The IBM z13 merges the zAAP functionality with zIIPs (zAAP on zIIP), so that zAAP-eligible work now uses zIIP instead. Furthermore, IFL and zIIP processors on the IBM z13, as they use the z13 microprocessor, have simultaneous multithreading (SMT) capability.

== Use of zIIPs ==
Use of zIIPs is supported in IBM Z Operational Log and Data Analytics and IBM Z Anomaly Analytics with Watson. IBM Z Operational Log and Data Analytics is a software that collects IT operational data from z/OS systems, transforms it to a consumable format, and streams it to analytics platforms, or to the included operational data analysis platform which provides insights to help visualize and search operational data to help identify the cause of operational issues.
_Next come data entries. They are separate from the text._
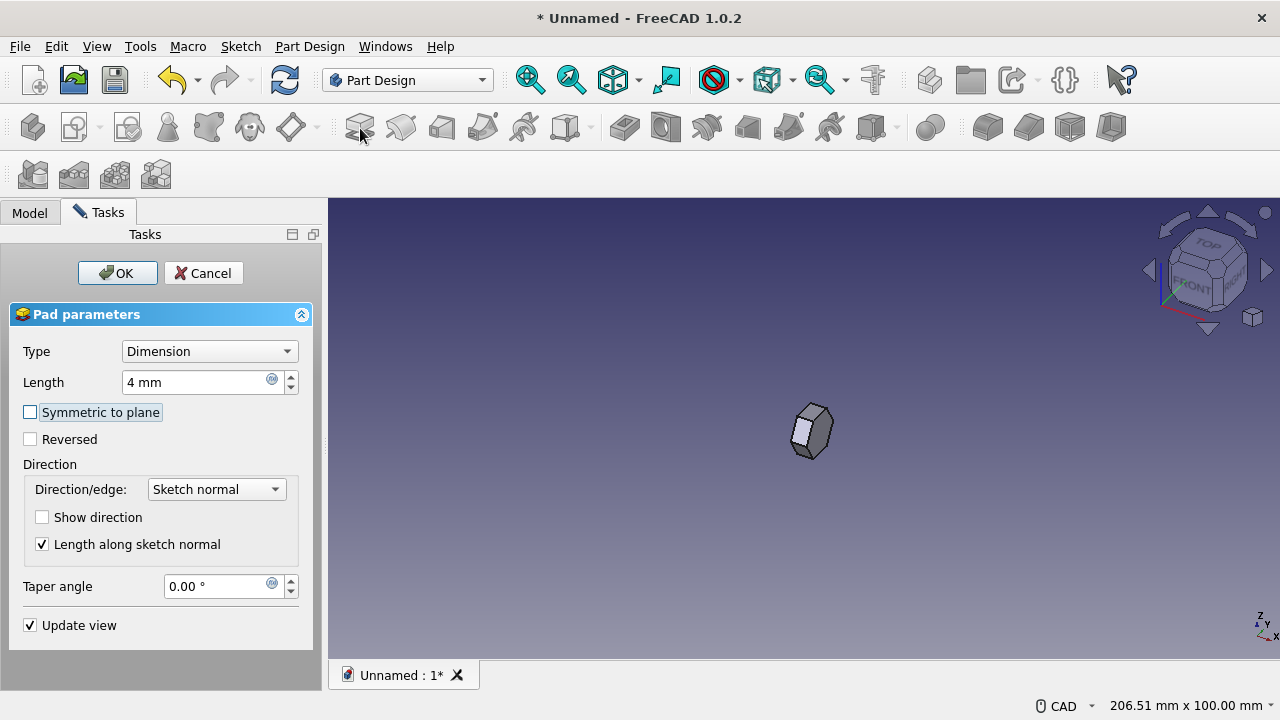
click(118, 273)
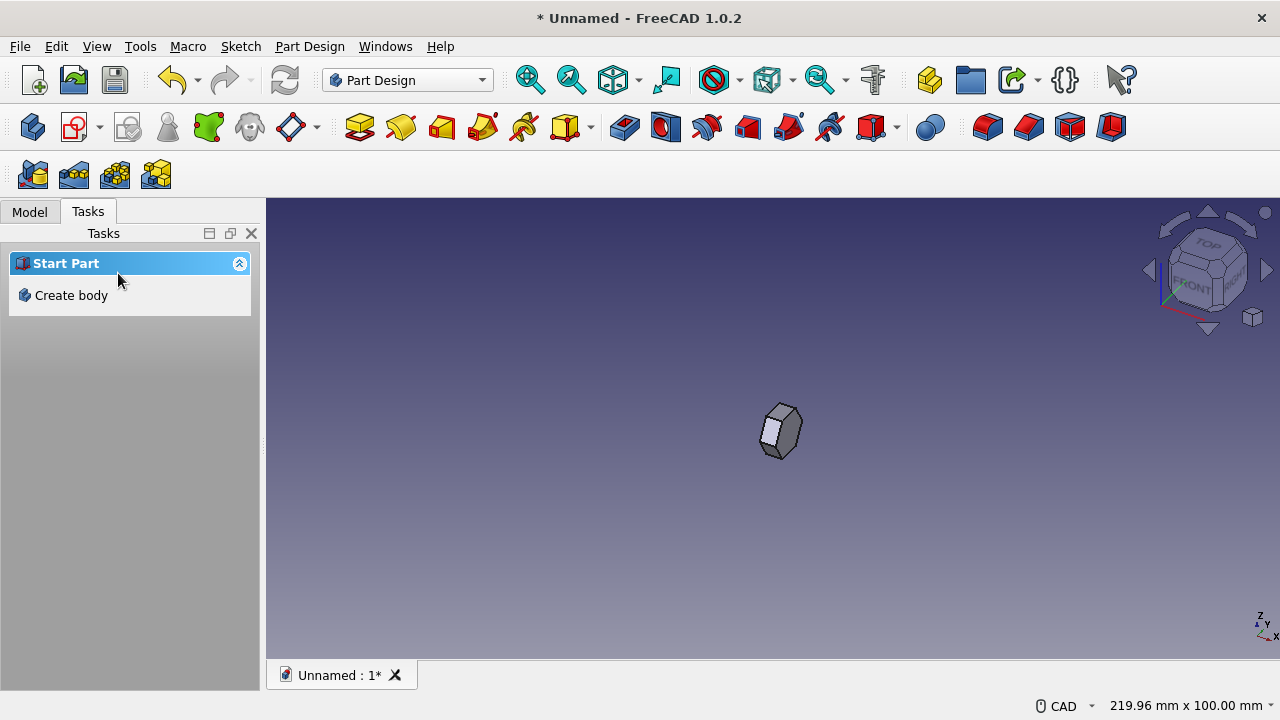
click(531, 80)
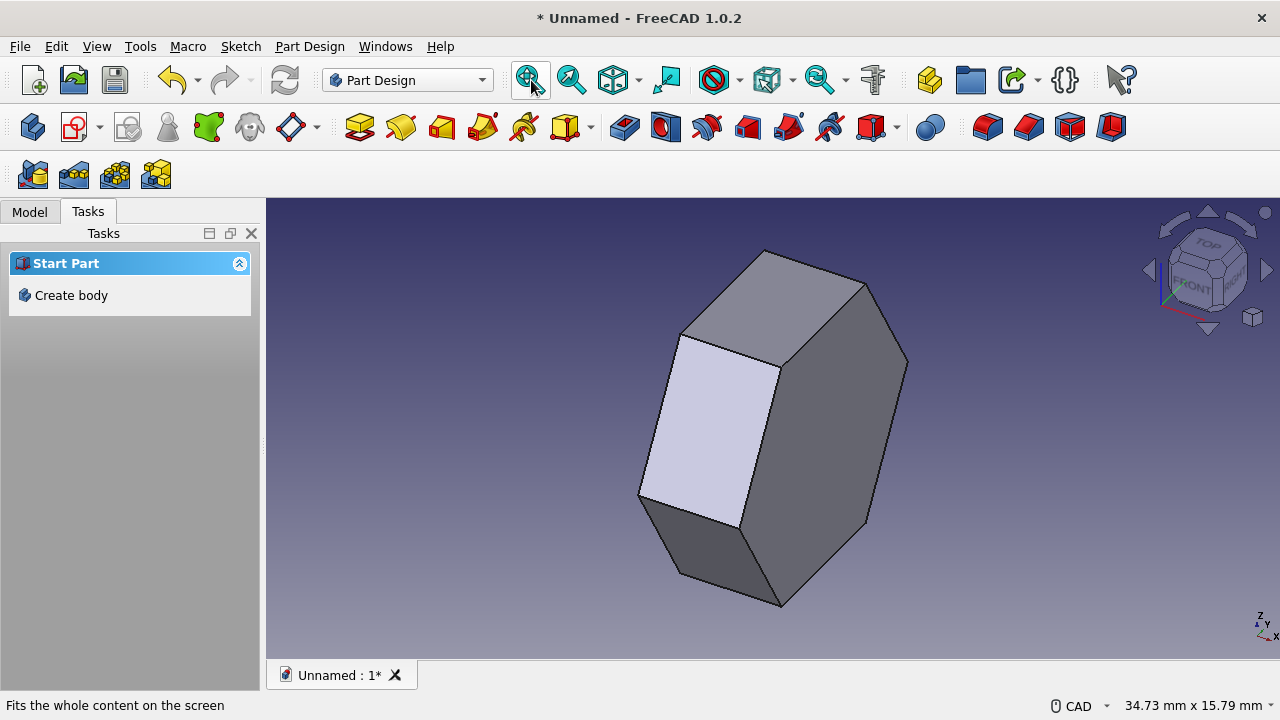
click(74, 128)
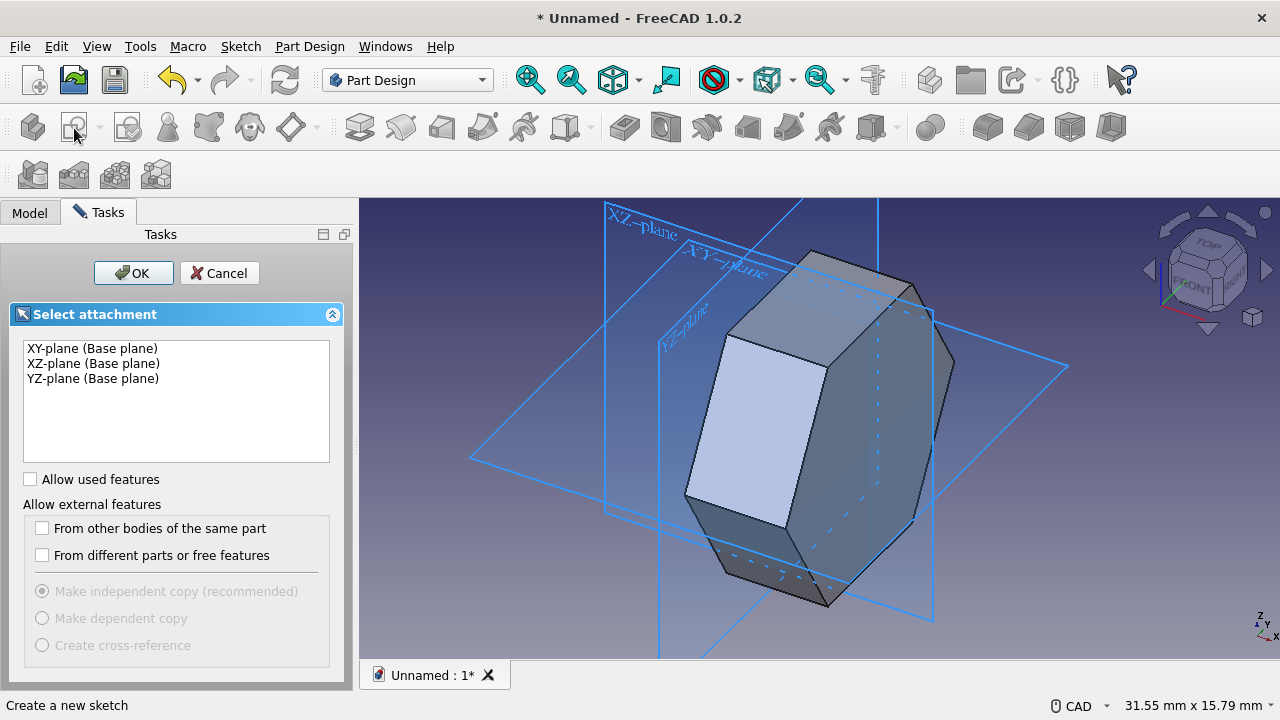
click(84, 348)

IBM Z Anomaly Analytics is software that collects IT operational data from z/OS systems, but uses historical IBM Z metric and log data to build a model of normal operational behavior, then analyzes real-time operational data through comparison with the model of normal operations to detect and alert IT operations of anomalous behavior.

When the Z Common Data Provider in IBM Z Operational Log and Data Analytics and IBM Z Anomaly Analytics with Watson is used to stream operational data, the zIIP offload function can be enabled, and then the System Data Engine component of the Z Common Data Provider can offload eligible work from general purpose processors to zIIP processors. This minimizes the MIPS consumption on general processors (GCPs) and reduces the total cost of ownership.

However, this offloading might add additional overhead in CPU time. If there is not enough capacity on zIIP processors, z/OS may redirect zIIP eligible work to general CPUs when all zIIPs are busy. The additional (overhead) CPU time to use zIIP processors can surpass the CPU time that is offloaded to zIIP processors. Or even, the general CPU usage is increased.